Dalam hatiku, aku berjanji bahwa hanya untuk kali ini saja aku mengizinkan Adam kembali. Jika Adam meninggalkan aku lagi, jangan harap aku akan membukakan pintu rumahku untuknya.

Untuk sementara waktu, kembalinya Adam membuat semuanya tampak membaik.

Kami pindah ke kota baru dan memulai pekerjaan baru kami. Aku disibukkan dengan usahaku di bidang pembersihan dan Adam, yah, Adam akhirnya punya pekerjaan baru. Dia bahkan mau membantu anak pertamaku untuk diterima di tempatnya bekerja.

Adam mulai melakukan hal-hal baik dan menurutku itu adalah sesuatu yang sangat jarang terjadi.

Tapi, ternyata sesuatu yang jarang terjadi itu ternyata bukan pertanda baik. Adam mulai jarang pulang ke rumah dan punya banyak hutang dimana-mana.

Karena aku curiga kalau Adam selingkuh, aku memberinya dua pilihan yaitu memperbaiki keadaan atau meninggalkan rumah. Dan Adam memilih pilihan yang mungkin menurutnya adalah pilihan yang lebih mudah yaitu meninggalkan rumah. Kami bertengkar hebat hari itu, aku tidak menyangka dengan pilihannya. Sebelum pergi, Adam menendang pintu rumah saking marahnya.

Setelah kejadian itu, aku baru sadar kalau Adam bukanlah pria yang baik.
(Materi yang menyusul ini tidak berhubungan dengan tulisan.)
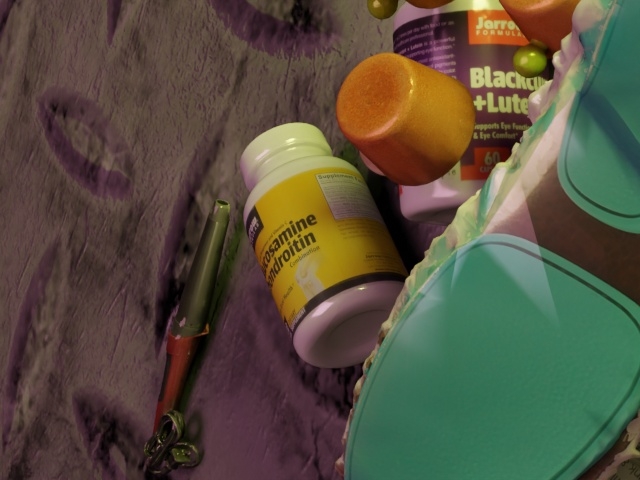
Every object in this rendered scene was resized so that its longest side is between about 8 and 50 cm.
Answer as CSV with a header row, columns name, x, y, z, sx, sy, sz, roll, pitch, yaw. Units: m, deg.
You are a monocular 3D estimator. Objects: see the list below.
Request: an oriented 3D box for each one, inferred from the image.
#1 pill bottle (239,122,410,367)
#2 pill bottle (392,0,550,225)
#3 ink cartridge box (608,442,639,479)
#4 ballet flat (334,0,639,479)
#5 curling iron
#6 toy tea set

Dua kali pergi dari hidupku, Adam juga meninggalkan banyak hutang. Hal ini membuat kesehatanku terganggu. Aku sakit-sakitan dan dilanda stress. Aku harus menanggung semua hutang Adam.

Tapi beruntungnya aku, aku punya anak yang mau membantuku, jika saja dia tidak ada, mungkin aku sudah menjadi gelandangan karena semua tabunganku ludes hanya untuk melunasi hutang-hutang Adam.
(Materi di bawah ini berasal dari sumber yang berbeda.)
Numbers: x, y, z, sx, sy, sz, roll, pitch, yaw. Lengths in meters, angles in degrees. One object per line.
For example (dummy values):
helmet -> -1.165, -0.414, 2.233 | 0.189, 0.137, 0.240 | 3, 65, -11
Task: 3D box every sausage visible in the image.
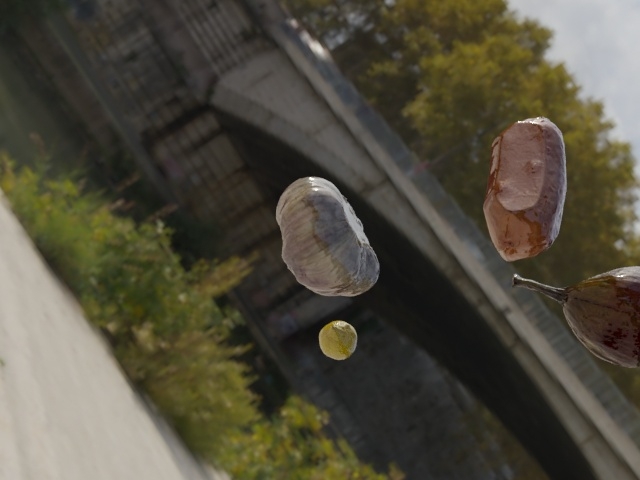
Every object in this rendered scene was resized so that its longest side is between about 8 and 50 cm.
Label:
sausage -> 0.321, -0.081, 1.885 | 0.133, 0.133, 0.258 | 60, 33, -48

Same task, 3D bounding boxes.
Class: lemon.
lemon -> 0.029, 0.165, 2.013 | 0.065, 0.065, 0.092 | 55, -7, 26

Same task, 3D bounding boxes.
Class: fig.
fig -> 0.498, 0.139, 2.204 | 0.190, 0.290, 0.191 | -6, 90, -67

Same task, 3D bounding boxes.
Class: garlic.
garlic -> 0.000, 0.000, 1.474 | 0.159, 0.102, 0.147 | 54, 18, -37

Kepergian adam tidak hanya mengacaukan pikiran dan hatiku, tapi juga mengacaukan usahaku. Tapi aku tetap berusaha untuk tegar, aku masih punya anak-anak yang bisa aku jadikan motivasi.

Setelah lama tidak berkomunikasi, aku hanya pernah bertemu Adam satu kali, dan pertemuan kami terjadi di tempat parkir salah satu supermarket di kotaku.

Kami hanya berbicara singkat dan aku meminta pada Adam untuk bercerai. Dan dia hanya menjawab “nanti aku hubungi lagi”. Tapi, dia sama sekali tidak memberi kabar apa-apa padaku.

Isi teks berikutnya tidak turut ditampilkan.